Dan Chester stood, crossed the room, and embraced his daughter, Lucy.

She hugged us one by one, saying how good it was to be back home. “Khal,” she said. “It’s great to see you!”

She sat down and sipped a half a pint of Ram Tam, and told us all about life at university in London.

It was perhaps two years since I’d last seen Lucy, and she had changed, imago-like, from a shy teenager into a confident, self-possessed young woman in her late teens.

She was studying xeno-biology and international relations, preparatory to leaving Earth. She had discussed her decision with her father: it was the thing she most wanted to do, and though Dan had found it hard to accept that soon, within two years, she would be light years away among the stars, he could not find it within him to deny her dreams.

She looked around the group and said, “Did you know that the university is Kéthani-run?”

“What?” Richard Lincoln quipped, “the dons wave tentacles or pseudo-pods?”

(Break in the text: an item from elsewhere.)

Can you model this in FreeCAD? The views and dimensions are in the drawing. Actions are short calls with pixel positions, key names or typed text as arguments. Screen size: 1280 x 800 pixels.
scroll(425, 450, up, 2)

Lucy laughed. “Perhaps I should say it’s Kéthani administered. All the courses are geared to students who have made the decision to leave Earth and work with the Kéthani.”

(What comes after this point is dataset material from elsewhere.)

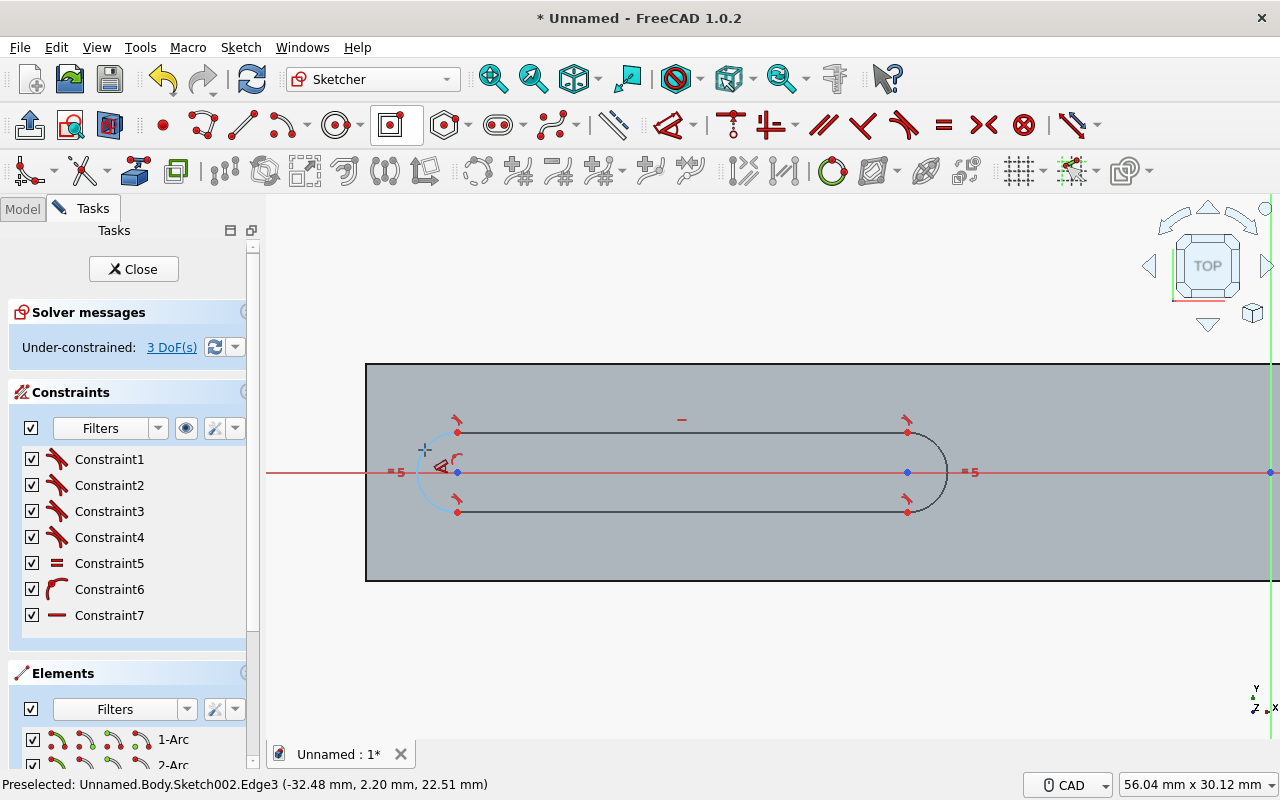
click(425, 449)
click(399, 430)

“I suppose it makes sense,” Sam said.

“There’s a wonderful atmosphere of… not only of learning, but of camaraderie. We’re about to do something wondrous out there, and the excitement is infectious.”

Andy Souter, our resident sceptic, said, “What exactly will you be doing out there, Lucy?”

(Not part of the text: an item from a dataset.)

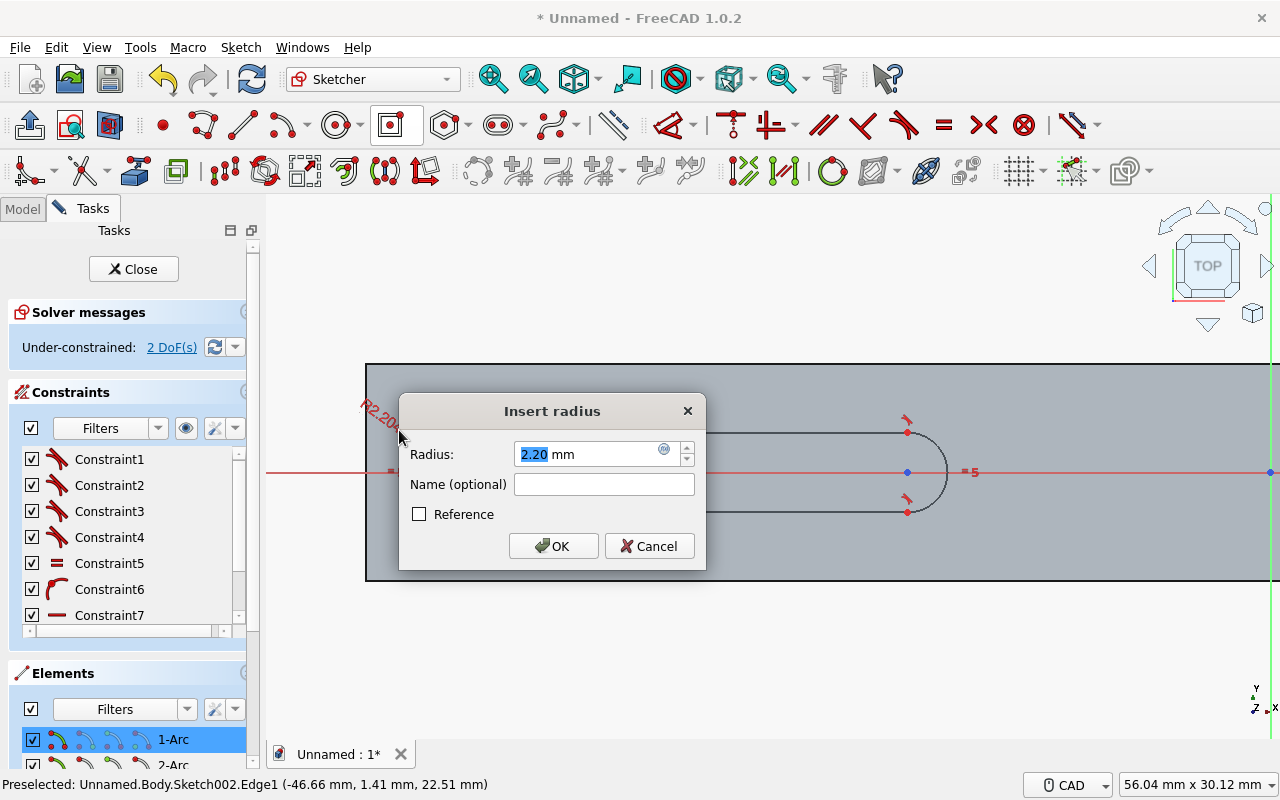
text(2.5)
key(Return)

She smiled and looked into her drink. When she looked up, I saw the light of… dare I say evangelism… in her eyes. “We’ll be taking the word of the Kéthani to the universe, Andy. We’ll be endowing as yet uncontacted races with what the Kéthani have given us; I’ll be working with pre-industrial, humanoid races, bringing them to an understanding of the Kéthani, rather than have them learn about the Kéthani as we did, with the sudden arrival of the Onward Stations. Other students will be liaising between disputing races or helping races who have fought to the point of extinction. Oh…” she beamed around the table, “there’s no limit to the work to be done out there!”

I could see that Andy remained unconvinced, but her enthusiasm won me over.

I said, “The human race has certainly evolved since the Kéthani came, Lucy.”

“Evolved,” she said. “Yes, that’s the word, Khal. Evolved. Everyone has changed, haven’t they, not only the returnees, but those who haven’t yet died.” She looked round the group.

“We no longer fear death, do we? That curse has been lifted from our psyches. We can… for the first time in existence, we can look ahead and enjoy being alive.”

I smiled. Years ago, I would have labelled her optimism as the product of youth; but now that optimism had infected all of us.

The door opened, and someone hurried into the bar and ordered a drink, a young man in a thick coat and walking boots. Lucy turned quickly and smiled at the new arrival, and it was wonderful to see the unmistakable light of love in her eyes.

I recognised the man as Davey Emmett.

Lucy said, in almost a whisper, “I, more than most, have so much to thank the Kéthani for…”

Davey carried his pint across the room and joined us. He kissed Lucy and sat down beside her, and I noticed that immediately Lucy found his hand with hers and squeezed.

Davey smiled across at me. “Khalid, it’s been a long time.”

I nodded. “Almost a year? How are you?”